Satpura National Park

I have seen tigers before – in Ranthambore National Park as well as at Kanha and Bandhavgarh. But wonderful though it was to see these magnificent creatures, I wondered what it would be like to be away from all the other jeeps and cantors in Ranthambore. Was it becoming more like a zoo?

So it was with interest that I read about a National Park where you could experience “a real wildlife experience”. What did that mean? – particularly as it went on to say that if your idea of a vacation is to lounge comfortably with a glass of wine in hand with no insects about then this is not for you. I love tigers with but viewing them in comfort – especially enjoyed at the Taj Camps at Kanha and Bandhavgarh, though the latter was not as sumptuous as Kanha. All I wanted was to experience the viewing of tiger in a more natural setting with fewer jeeps around. And at the same time not forgo too much of the comfort.

But in search of tigers in true wilderness I was willing to give this new place a try. This was Satpura National Park – Reni Pani Jungle Lodge in Madhya Pradesh – about in the middle of India, with Bhopal being the nearest airport. There are trains from Delhi as well, whichget you even closer to the Park, but these take a long time.

My first impression of the lodge, after a three-hour drive from Bhopal, was that they had been understating it. Reni Pani Jungle lodge was more than comfortable – verging on luxury but in an eco friendly way. It blended with its surroundings but still had a pool to cool down in, and superbly comfortable lodges – each with its own butler to look after you. The outdoor shower had all the privacy needed but with views of the jungle. Nobody need have any fear of discomfort here; on the contrary I would rate this as a luxury eco lodge spread over 30 acres. So having the comfort sorted out (but I will come back to it) I was keen to explore the park for true wilderness – after all that is why I had come here.

The first surprise was that I was not just limited to going round the park in a jeep; I could instead use a boat, an elephant or even walk to explore the jungle. Apparently I could even use a cycle or a horse.

Getting to the Park entrance, accompanied by the resident naturalist, was the easy part. A boat ride across the river and we were ready. I chose jeep on the first excursion so that I could get a feel for as much of the park as possible, but on the other days I also walked and “took” the elephant. The park nestles under some low hills of Satpura etched against the sky.

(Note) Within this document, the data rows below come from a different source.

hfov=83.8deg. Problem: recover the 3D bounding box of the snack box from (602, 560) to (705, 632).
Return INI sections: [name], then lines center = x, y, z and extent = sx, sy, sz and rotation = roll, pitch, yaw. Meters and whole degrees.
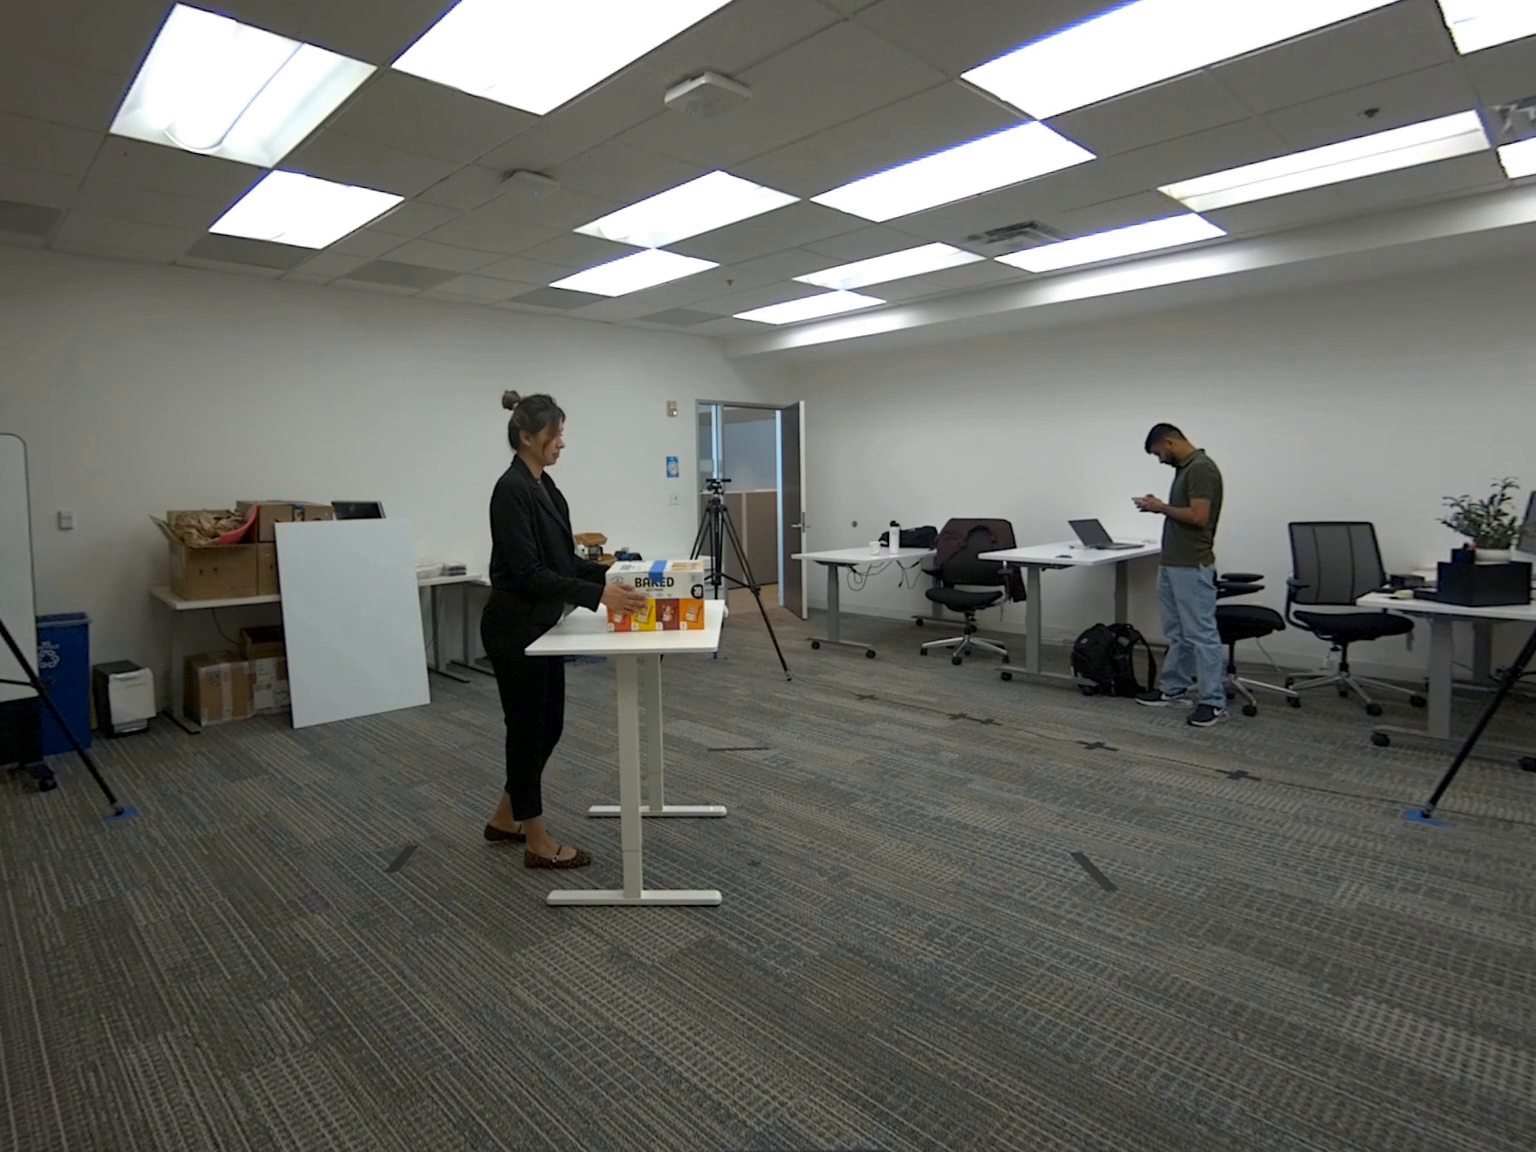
[snack box]
center = -0.403, 0.062, 3.137
extent = 0.340, 0.205, 0.408
rotation = -1, 6, -3

We saw a leopard, sloth bears, gaur, wild dogs, deer of many variety and even greater variety of monkeys amongst the many animals in the jungle. I am not too sure what was the highlight, seeing a leopard stalk a noisy Langur monkey or the gaur, the world’s largest wild ox that we met on our walk – a huge wild-eyed creature that looked permanently bad tempered? I am not a bird watching enthusiast but amongst the many types my personal favourite were the Malabar pied hornbills flying across the sky. Indeed this is probably one of the best parks for bird watching. The sweet flowers of the Mahua tree ferment on falling so act as the local reservoir of hooch for the birds and bears. It’s not unusual to see drunk bears sleeping off the drink – never found out if they get a hangover!

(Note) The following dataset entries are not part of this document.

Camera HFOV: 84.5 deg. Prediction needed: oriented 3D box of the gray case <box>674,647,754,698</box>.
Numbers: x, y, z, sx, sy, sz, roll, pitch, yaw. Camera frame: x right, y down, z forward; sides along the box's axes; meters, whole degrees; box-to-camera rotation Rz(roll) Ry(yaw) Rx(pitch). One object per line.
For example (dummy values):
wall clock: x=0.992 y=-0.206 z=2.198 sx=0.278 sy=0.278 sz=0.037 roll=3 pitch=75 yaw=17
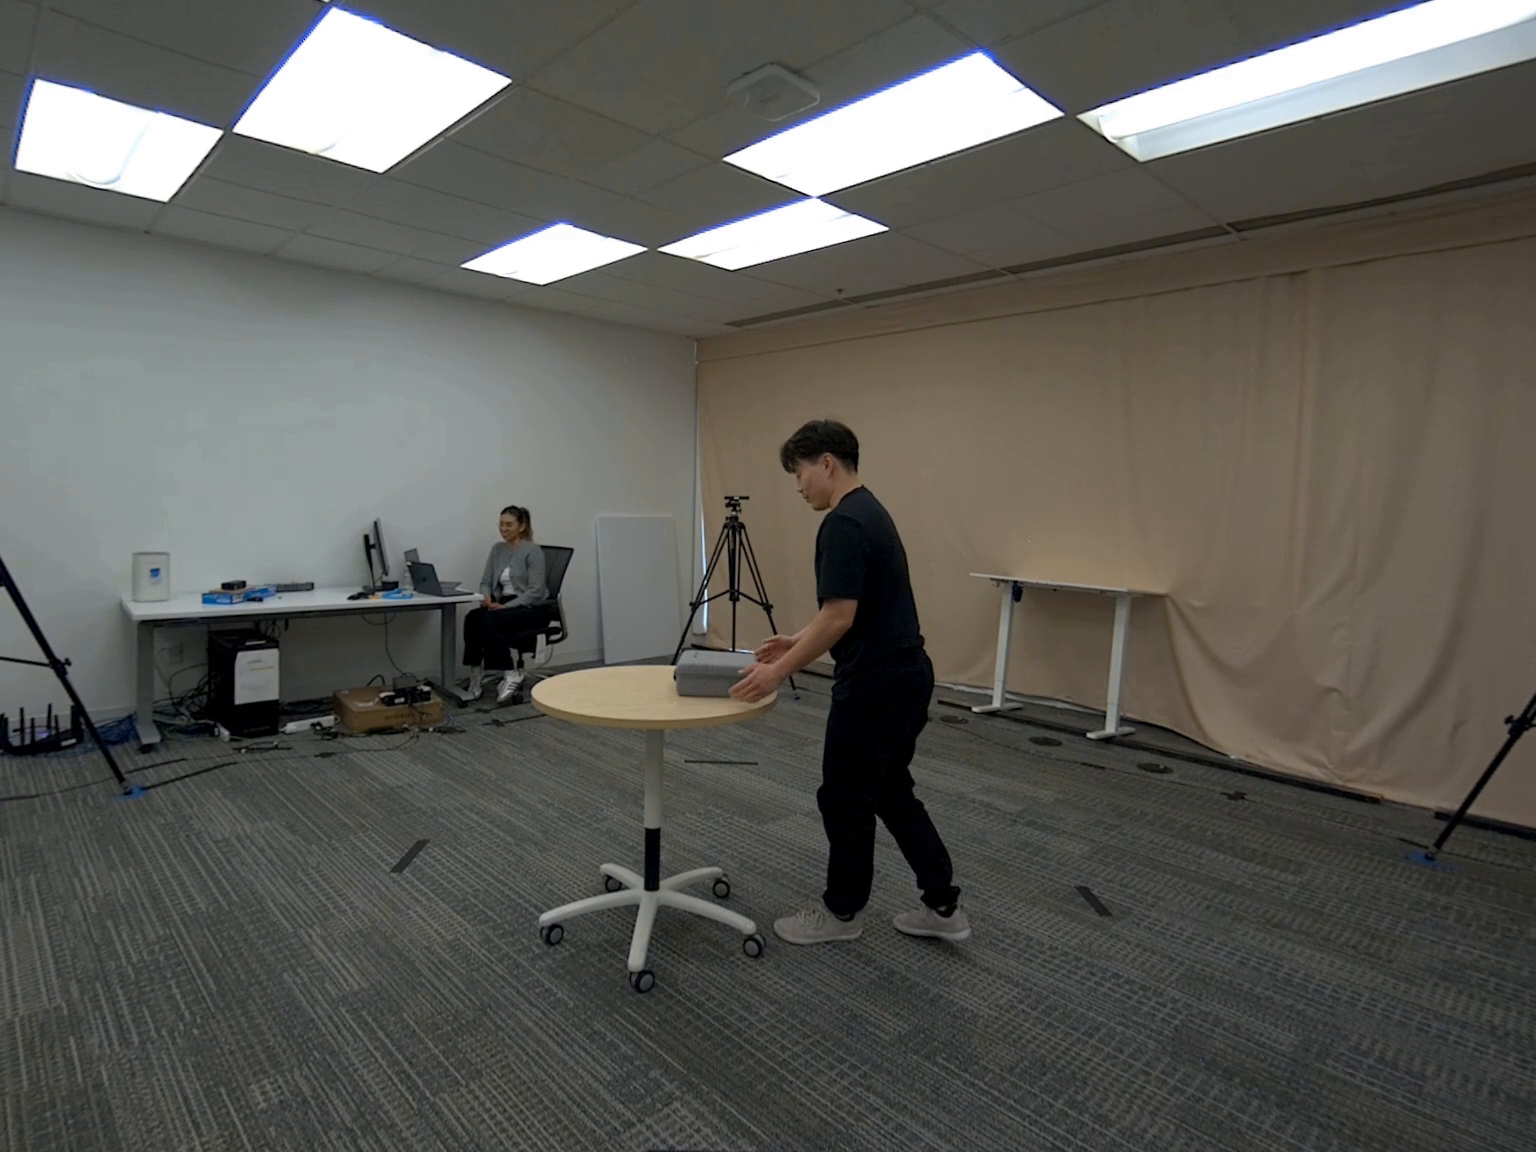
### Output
gray case: x=-0.172 y=0.299 z=2.683 sx=0.261 sy=0.104 sz=0.258 roll=2 pitch=5 yaw=0

There were many other highlights including seeing a pack of wild dogs trotting down the trail on an expedition to hunt for food. We never did see a tiger though we walked along its trail for a long while. A truly enchanting National Park, still as it would have been in the days of Kipling – had he visited this one. A true wilderness meeting all my expectations for a proper jungle safari.

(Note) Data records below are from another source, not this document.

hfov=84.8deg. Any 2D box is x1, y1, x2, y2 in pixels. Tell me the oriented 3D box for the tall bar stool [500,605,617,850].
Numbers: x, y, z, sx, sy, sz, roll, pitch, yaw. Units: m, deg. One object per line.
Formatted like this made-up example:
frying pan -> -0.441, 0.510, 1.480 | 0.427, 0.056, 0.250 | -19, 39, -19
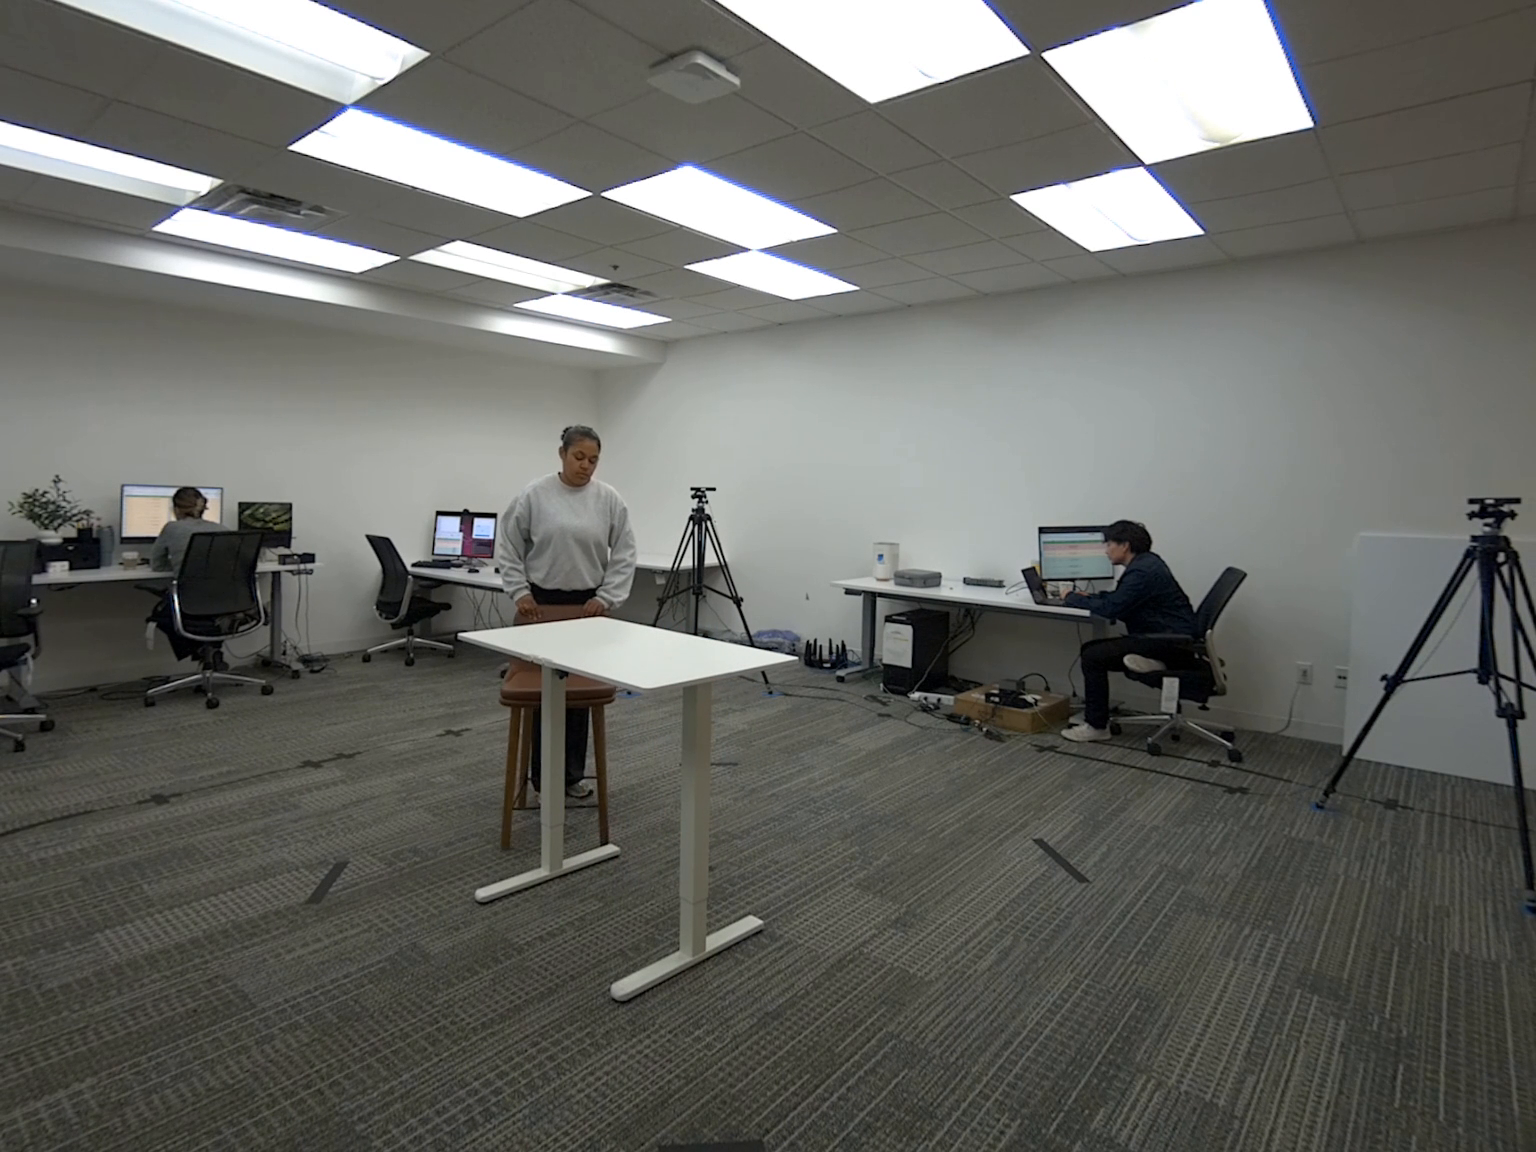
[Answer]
tall bar stool -> -0.860, 0.584, 3.467 | 0.452, 0.890, 0.472 | 1, 0, -9

The first day ended with a swim at the campsite and return to the cottage to change for the sundowners and the dinner. I remembered the advice of not to stroll out in the dark as the camp is after all inside the jungle. But the butler was there to accompany me to the ever changingsites round the camp for drinks and dinner. I had to try the mahua martini. It was wonderful and I could understand why the bears were so fond of eating the fermented flowers of the mahua tree. The food was excellent – most of it sourced from the local village and totally organic. The staff too were from the village and it was nice to feel that at last there was something that was benefiting the local community and at the same time having a respect for the wilderness.

If you want to see a wildlife park in its natural state, to be able to walk it, to see and feel how a jungle would have been, in the days before us tourists, then Satpura National Park is for you. An ideal romantic holiday in the great outdoors with luxury thrown in. Better do it now before it is “discovered”. I shall be going back to Reni Pani – after all I didn’t actually see the tiger, and I do want to see it in its natural worldand not on display as in a zoo. Which of course makes the sightings more difficult, but why should it be easy! Satpura has as many tigers as Ranthambore and I am anxious that they remain shy of us humans. And I want to meet up again with the friendly, most hospitable people at Reni Pani. A truly enchanting experience.

There is also another lodge at Satpura – the Forsyth Lodge. It is a year or so older than the Reni Pani but it is also very good. I preferred Reni Pani as the cottages are more spread out and you get a greater feeling of living in the wild. Both the campsare fighters for the environment.